— ASSIGNMENT —
Locate the line containing "Name this moth's species." in the entries below, then retype it and every later line exactly, leaving out pictures.

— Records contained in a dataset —
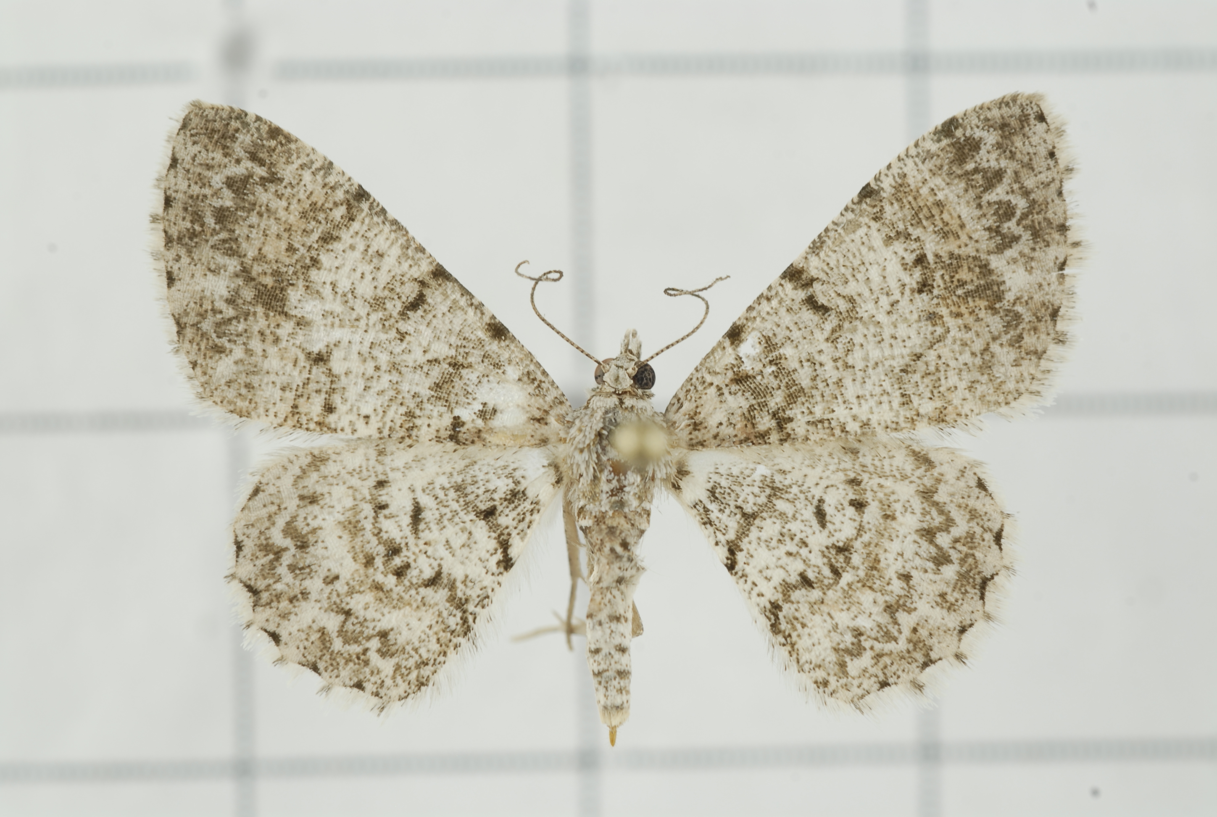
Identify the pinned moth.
Myrioblephara simplaria simplaria
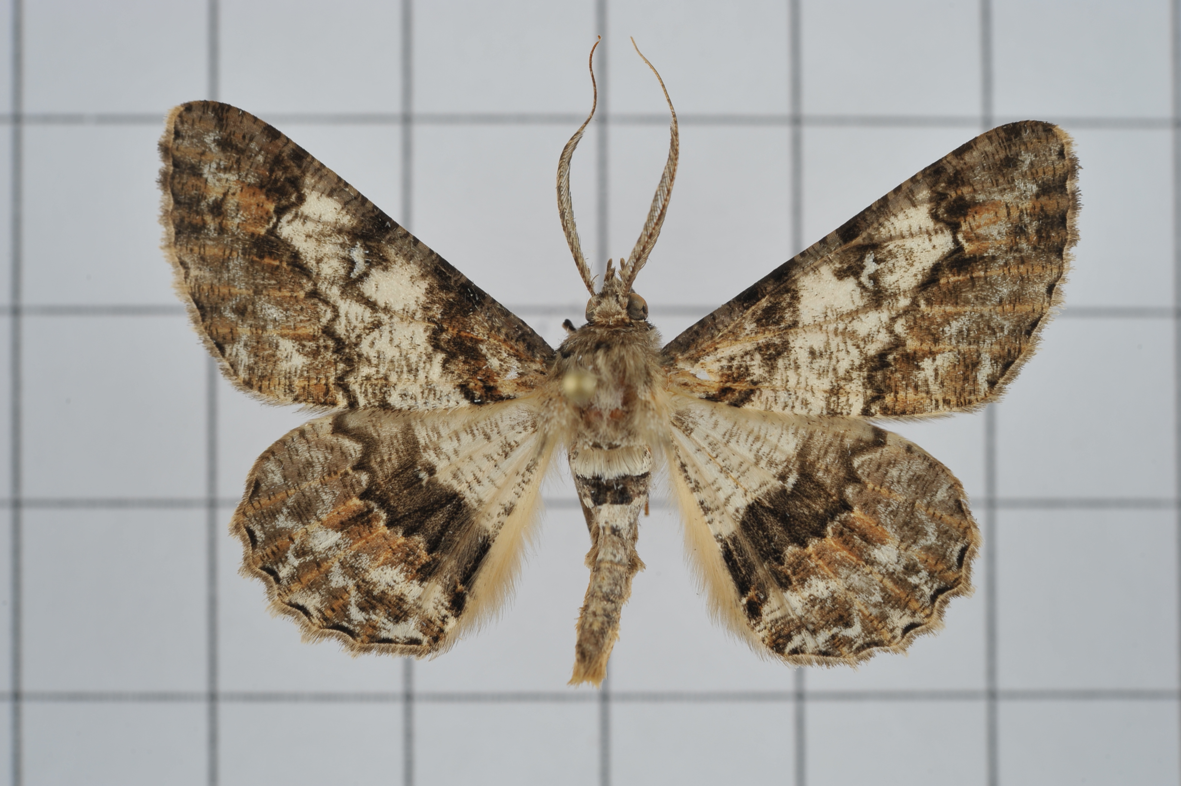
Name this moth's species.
Cleora fraterna
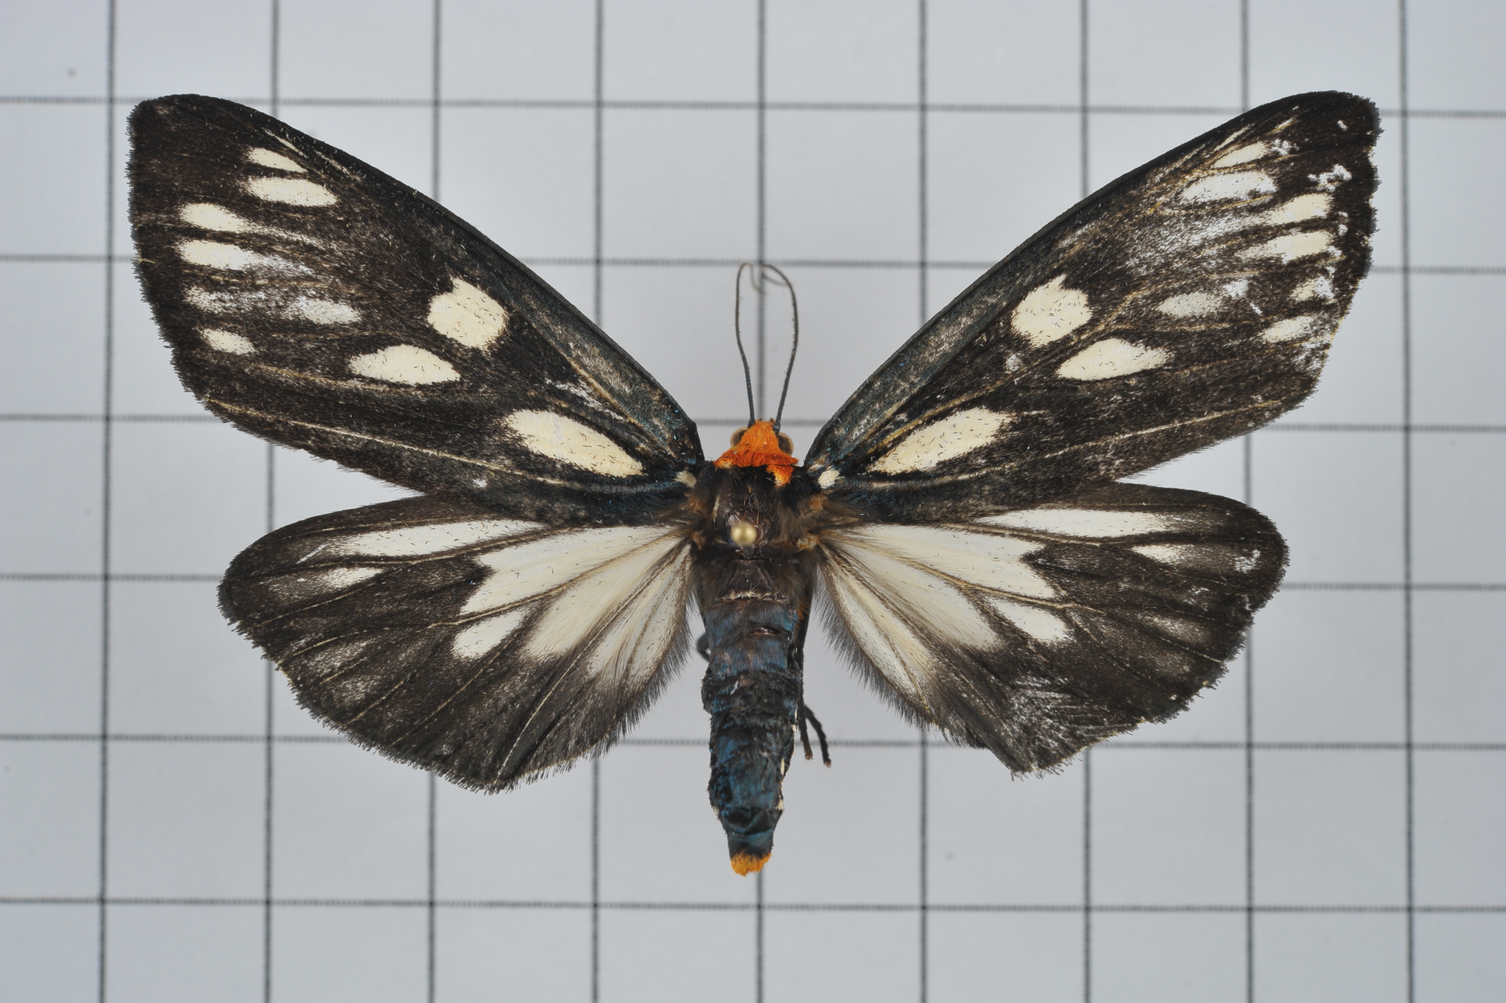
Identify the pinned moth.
Macrobrochis gigas

— EXPECTED ANSWER —
Name this moth's species.
Cleora fraterna
Identify the pinned moth.
Macrobrochis gigas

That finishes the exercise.